Sono stati scritti due articoli in proposito che divergono nelle loro opinioni,ma che risultano essere molto interessanti.
Il primo lo scrive l’Economist,l’altro,un ex giornalista dell’Economist, Chris Anderson.
Il fattore in comune dei due articoli, è che negli ultimi anni gli utenti della rete si sono abituati ad abbuffarsi gratis: notizie, musica, email e persino connessioni a banda larga.
Tutto questo ha causato licenziamenti e domande su come e se farsi pagare i servizi.

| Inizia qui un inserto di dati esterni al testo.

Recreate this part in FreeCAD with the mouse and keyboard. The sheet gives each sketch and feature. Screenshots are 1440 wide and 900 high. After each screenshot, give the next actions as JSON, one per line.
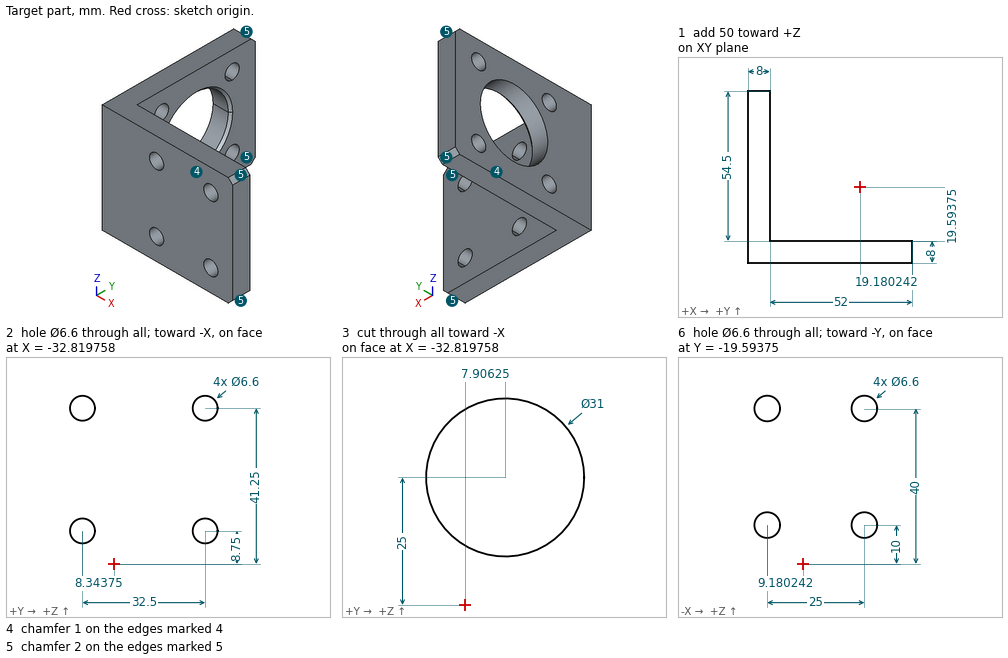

Secondo il primo articolo che ho letto,internet viene definita una specie di bolla che poi è scoppiata.Nel senso che inizialmente le aziende regalavano servizi e contenuti online, sperando che sarebbero poi riuscite a monetizzare i milioni di utenti vendendo pubblicità. Ma poichè le cose non sono andate proprio così,le stesse aziende hanno provato altri modelli, come l’accesso a pagamento, ma raramente ha funzionato. Poi nel 2004 tutto è ricominciato con la quotazione in borsa di Google, che ha dato il via ad una nuova bolla del web 2.0. La caccia all’utente è ricominciata, sono nati MySpace, You Tube, Facebook e ora Twitter. Anche qui sono stati offerti servizi gratuiti per attirare visitatori che avrebbero prodotto ricavi pubblicitari. Ma ancora una volta ci si è resi conto che il numero delle aziende che possono mantenersi con la pubblicità su internet è esiguo.Quindi queste ultime, sono ricorse non solo ai licenziamenti, ma anche a farsi pagare per contenuti e servizi, e a farsi comprare (MySpace e You Tube per esepio, da News Corporation e da Google). Ovvio è, che le aziende hanno facilità ad accedere alla rete e ad attrarre utenti, ma quelle che nell’immediato sperano di trovare un modello redditizio, rischiano di rimanere indietro. Le conclusioni dell’Economist sono che ora come ora, la pubblicità non basta. Contenuti e servizi gratuiti sono stati un’idea interessante, ma la realtà, ci dice che prima o poi qualcuno dovrà pagare il conto.
Di diversa opinione è Anderson. Egli sostiene che non ci sono le prove che la pubblicità sia un modello fallimentare. La crisi, è vero, ha rallentato la sua espansione, ma la situazione è ancora buona. Anderson spiega che la gratuità online non riguarda solo la pubblicità. La grande novità seguita alla crisi, è stata l’arrivo del freemium (free+premium), in cui servizi e prodotti sono offerti gratis nella versione di base e a pagamento in quella avanzata. Basti pensare a Flickr e aFlickr Pro, ai giochi online e persino al sito dell’Economist.
La sua è un importante riflessione, che mette in imbarazzo, forse, il quotidiano britannico definendolo “accecato dal disprezzo”, a tal punto da non accorgersi che l’idea di offrire contenuti gratis finanziandoli con la pubblicità è vecchia di quasi un secolo. E’ alla base della radio e della tv. E della maggior parte dei siti di informazione, compresi settimanali e quotidiani.
E dato che “ciò sembra funzionare alla grande”-dice-, anche l’Economist dovrebbe provarlo!